Even if you are still new to travelling, you still must know how awful and annoying a Jet-Lag can be. Almost everyone flying abroad knows the feeling: tiredness, headaches or migraines, bad temper, and so on. All these things are symptoms of Jet-Lag, and it can happen even if your flight was only a 4 hour one. Here are 10 things you need to know about the phenomenon if you want to be able to overcome it.
#1: It’s Not a Question of How Long Your Flight is
Rather, it’s a matter of how many time-zones you “skip” during that flight. Though probably very exhausting, a 12 hour flight from north to south might not affect you as much as a 5 hour flight from west to east. Apparently, a quick shift in time-zones temporarily scrambling our biological clock. Our system will self-regulate, but it takes time. Sometime, our body will need up to two whole weeks to get used to the new time-zone!
#2: Jet-Lag is More Than Just a Disruption of Sleeping Patterns
Even tough Jet-Lag is known for its effect on your sleep, it is so much more than just that. Among other symptoms you can find restlessness, tendency to catch a cold or the Flu, digestion problems, lack of motivation and even mild depression, and issues with cognitive processes such as memory function.
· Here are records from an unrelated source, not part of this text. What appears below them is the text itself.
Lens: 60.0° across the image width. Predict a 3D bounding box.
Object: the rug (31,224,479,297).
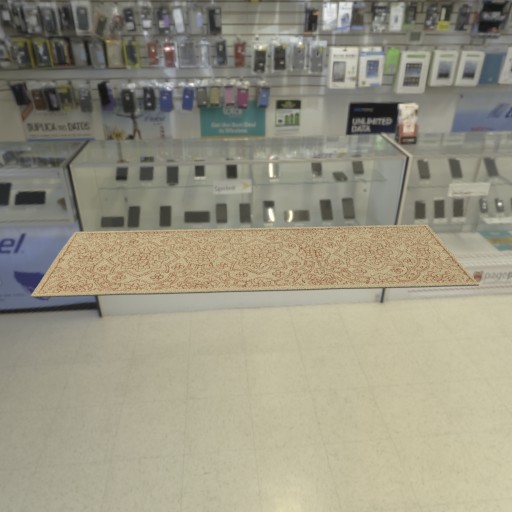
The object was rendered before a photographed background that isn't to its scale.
[{"bbox_3d":[0.000,0.000,2.735,2.448,0.012,0.769,-1,30,-2],"label":"rug"}]
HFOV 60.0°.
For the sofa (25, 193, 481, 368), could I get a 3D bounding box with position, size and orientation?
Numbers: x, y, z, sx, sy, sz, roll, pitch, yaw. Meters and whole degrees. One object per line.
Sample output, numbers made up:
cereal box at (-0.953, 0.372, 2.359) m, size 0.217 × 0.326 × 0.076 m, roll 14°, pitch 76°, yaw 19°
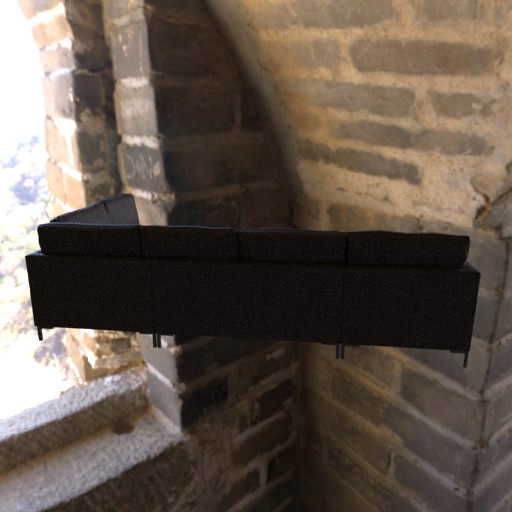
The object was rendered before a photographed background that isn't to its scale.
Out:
sofa at (0.000, 0.000, 4.248) m, size 3.423 × 0.999 × 2.048 m, roll 2°, pitch 16°, yaw 7°
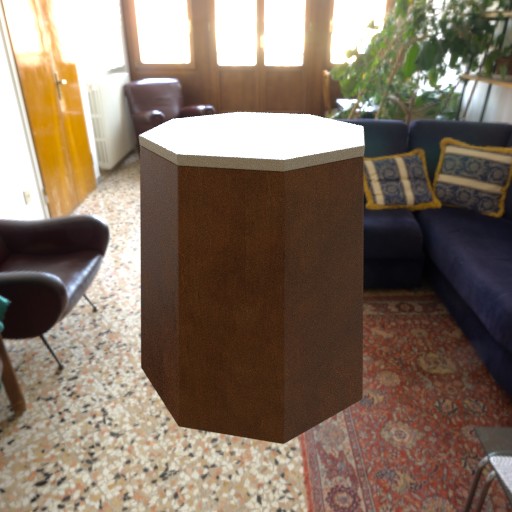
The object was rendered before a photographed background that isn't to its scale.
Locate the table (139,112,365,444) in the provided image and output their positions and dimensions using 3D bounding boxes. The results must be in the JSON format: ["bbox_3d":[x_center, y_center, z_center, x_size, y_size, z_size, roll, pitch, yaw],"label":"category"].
[{"bbox_3d":[0.000,0.000,0.823,0.439,0.457,0.439,-18,32,-31],"label":"table"}]

#3: Flying East is More Difficult
If you fly from west to east, the chances of a harsh Jet-Lag increase. The reason behind it is that flying east makes us “squeeze” the days in a shorter time span, whereas flying west makes the days longer. This shortening of the day takes us away from our natural inner rhythm. It is easier for our body to elongate the day than to shorten it.
#4: Exercising Helps
Stretching during the flight helps reducing the stress that a flight causes, obviously, but don’t forget to exercise after you land as well. Though exercising has a minor effect over the ability of the body to adjust to the new time-zone, researches show that moderately exercising helps increasing the time you sleep at night and improve its quality. For the best results, try and work out a few hours before you go to bed, or exercise right after you wake up.
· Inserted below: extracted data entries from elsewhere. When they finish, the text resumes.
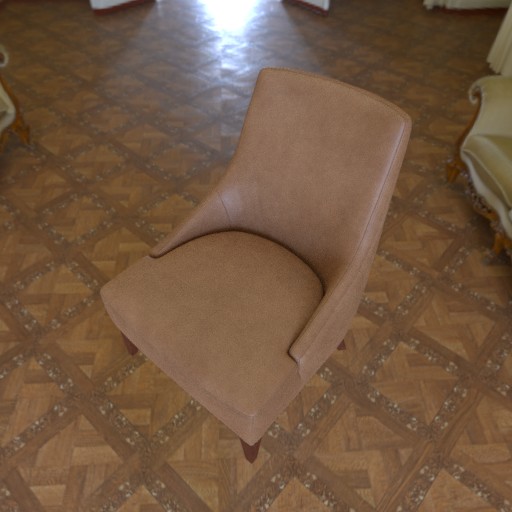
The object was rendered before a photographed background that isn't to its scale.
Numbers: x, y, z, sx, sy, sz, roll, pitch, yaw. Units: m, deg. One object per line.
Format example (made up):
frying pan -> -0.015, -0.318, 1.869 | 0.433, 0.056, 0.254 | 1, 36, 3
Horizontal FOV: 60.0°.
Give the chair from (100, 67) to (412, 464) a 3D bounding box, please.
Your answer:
chair -> 0.000, 0.000, 1.479 | 0.701, 0.909, 0.861 | 32, 53, 27
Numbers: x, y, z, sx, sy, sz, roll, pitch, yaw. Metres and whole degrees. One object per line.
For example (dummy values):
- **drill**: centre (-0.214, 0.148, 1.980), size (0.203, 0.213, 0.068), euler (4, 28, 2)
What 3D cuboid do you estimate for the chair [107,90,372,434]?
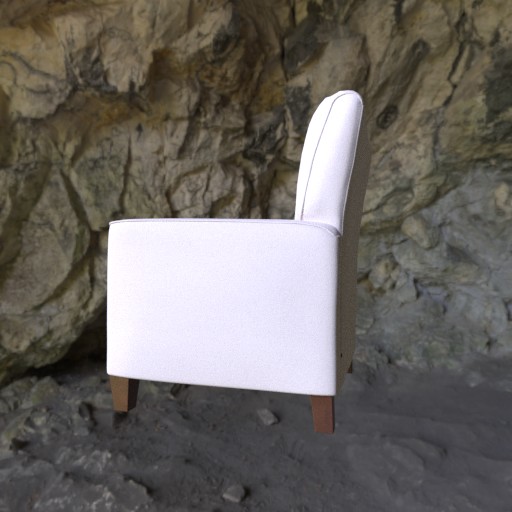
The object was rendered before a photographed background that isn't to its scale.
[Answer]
- **chair**: centre (0.000, 0.000, 1.723), size (0.858, 1.028, 0.841), euler (0, -1, 16)

#5: Alcohol Makes it Worse
It might be tempting to start your vacation on the plane and go wild with lots of booze, but when it comes to Jet-Lag it’s a big mistake. Alcoholic beverages dry out your body. Excessive drinking is one of the most common mistakes travelers make. Try to tone down your drinking, and keep hydrating.
#6: Naps are OK
To nap or not to nap? That’s one of the main questions when it comes to sleeping problems caused by Jet-Lag. Most of the people believe you should totally avoid short naps from the minute you arrive at your new destination. But experts claim that a short nap could actually be useful, as long as you limit it to 30 to 40 minutes. A longer nap might confuse your biological clock and make the adjustment harder.
#7: Daylight Resets Your Inner Clock
Since our sleeping patterns are strongly correlated with the day-night patterns, exposing your body to sunlight after a long flight could help reset your inner biological clock. Sleep with the blinds open on the first days after your arrival, and let the sunshine fill the room. Another option is to sit every morning for a few minutes and bask in the sun,and just let nature do its thing. The more your body will be exposed to the day-night patterns, the faster it will bounce back to its natural rhythm.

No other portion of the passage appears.